# Spinkhill Railway Tunnel, Derbyshire, March 2018



## HughieD (Mar 12, 2018)

*1. The History*
Depending on the reports you read Spinkhill Tunnel is either 497 or 501 yards long! It was originally opened by the Lancashire, Derbyshire and East Coast Railway (later the LNER) on 21st September 1898. It was the only tunnel on its Beighton Branch which ran north westwards from Langwith Junction to Beighton Junction. See below for a track map:


Spinkhill2 by HughieDW, on Flickr

Trains from the south approached through a vertically-sided rock cutting into the south portal built predominantly of brick but featuring stone copings and oversail. The tunnel then curves to the west and then straightens. The rails then emerge out of the north portal which is more substantial than the south one. As with most tunnels the construction was not accident free. On 14th January 1896, a labourer was moving a wagon in the tunnel when he lost control of it due to defective brakes, resulting in his shoulder being crushed. However this was not a fatal accident fortunately.

The tunnel officially opened on 21th September 1898 and was absorbed into the Great Central’s empire nine years later. The Beighton Branch lost its local passenger traffic at the outbreak of the Second world War. It remained open for excursions, diversions and coal transport. Archive picture below:


Spinkhill1 by HughieDW, on Flickr

The line through the tunnel was finally closed on 9th January 1967. The track was lifted although the tracks to the north remained in use until 1984 for wagon storage and shunting at Westthorpe Colliery, Killamarsh.
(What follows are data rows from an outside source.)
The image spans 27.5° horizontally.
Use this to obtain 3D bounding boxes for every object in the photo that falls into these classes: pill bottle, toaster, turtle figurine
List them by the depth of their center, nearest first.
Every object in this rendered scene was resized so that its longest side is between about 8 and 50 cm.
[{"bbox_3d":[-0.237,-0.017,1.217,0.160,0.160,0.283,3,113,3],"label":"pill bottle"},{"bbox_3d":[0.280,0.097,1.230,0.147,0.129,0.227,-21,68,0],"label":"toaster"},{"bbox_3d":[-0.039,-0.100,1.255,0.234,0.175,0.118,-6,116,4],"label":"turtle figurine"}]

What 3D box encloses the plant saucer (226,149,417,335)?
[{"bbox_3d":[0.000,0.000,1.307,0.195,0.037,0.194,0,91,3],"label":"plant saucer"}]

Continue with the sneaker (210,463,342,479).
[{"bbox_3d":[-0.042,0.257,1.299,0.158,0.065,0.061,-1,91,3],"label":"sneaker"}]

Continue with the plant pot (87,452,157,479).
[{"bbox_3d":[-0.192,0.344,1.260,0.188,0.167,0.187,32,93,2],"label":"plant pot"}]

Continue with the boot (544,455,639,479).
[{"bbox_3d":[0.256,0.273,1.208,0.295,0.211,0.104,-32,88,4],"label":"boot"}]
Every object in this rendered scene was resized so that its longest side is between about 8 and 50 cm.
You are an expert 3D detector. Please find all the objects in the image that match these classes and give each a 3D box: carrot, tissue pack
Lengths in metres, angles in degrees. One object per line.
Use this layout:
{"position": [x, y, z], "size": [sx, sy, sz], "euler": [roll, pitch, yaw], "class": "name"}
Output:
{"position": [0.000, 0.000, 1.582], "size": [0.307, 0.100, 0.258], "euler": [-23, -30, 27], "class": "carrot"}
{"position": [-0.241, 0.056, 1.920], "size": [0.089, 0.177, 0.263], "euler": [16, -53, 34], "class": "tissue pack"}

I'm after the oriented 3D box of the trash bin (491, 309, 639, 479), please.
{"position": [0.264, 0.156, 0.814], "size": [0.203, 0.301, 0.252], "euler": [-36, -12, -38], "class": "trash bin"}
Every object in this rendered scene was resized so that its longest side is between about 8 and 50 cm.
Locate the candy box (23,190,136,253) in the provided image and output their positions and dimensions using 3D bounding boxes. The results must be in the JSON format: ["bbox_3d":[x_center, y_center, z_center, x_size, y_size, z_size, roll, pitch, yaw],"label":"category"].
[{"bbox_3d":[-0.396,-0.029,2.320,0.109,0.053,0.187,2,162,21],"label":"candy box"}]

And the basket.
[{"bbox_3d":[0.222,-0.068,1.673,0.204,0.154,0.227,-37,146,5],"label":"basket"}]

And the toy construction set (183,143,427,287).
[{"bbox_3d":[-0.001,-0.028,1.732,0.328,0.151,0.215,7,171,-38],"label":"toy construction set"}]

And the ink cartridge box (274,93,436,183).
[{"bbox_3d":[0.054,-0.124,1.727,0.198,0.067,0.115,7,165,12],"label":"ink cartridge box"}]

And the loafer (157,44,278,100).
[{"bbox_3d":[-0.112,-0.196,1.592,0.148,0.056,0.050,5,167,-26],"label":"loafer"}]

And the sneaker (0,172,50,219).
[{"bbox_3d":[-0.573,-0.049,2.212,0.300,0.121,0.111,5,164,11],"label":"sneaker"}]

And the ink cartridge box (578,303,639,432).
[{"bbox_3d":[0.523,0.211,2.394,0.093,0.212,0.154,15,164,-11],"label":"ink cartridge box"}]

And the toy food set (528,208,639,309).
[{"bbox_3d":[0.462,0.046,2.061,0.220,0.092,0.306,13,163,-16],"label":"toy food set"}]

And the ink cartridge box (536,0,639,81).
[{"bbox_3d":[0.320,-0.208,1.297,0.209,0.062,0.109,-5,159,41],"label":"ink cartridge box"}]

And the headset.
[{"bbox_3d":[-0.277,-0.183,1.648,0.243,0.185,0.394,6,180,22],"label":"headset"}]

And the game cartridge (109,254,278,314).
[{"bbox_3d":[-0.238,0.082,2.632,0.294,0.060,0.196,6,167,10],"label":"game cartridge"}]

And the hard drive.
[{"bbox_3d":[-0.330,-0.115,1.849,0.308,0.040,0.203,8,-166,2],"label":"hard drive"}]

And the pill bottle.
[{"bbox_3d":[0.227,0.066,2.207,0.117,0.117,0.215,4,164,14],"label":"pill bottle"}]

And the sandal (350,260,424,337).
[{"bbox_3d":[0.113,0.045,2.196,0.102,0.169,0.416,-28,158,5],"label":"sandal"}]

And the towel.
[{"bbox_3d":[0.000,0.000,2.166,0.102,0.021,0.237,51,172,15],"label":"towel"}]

The tunnel is now pretty much stripped. Towards the north end are two brackets on the west sidewall which might have held a gong, providing an audible indication of Spinkhill’s Home signal. The tunnel is generally dry except for the the northern entrance. Overall the tunnel is in good condition structurally, save cracks that have appeared in one of the buttresses at the north portal.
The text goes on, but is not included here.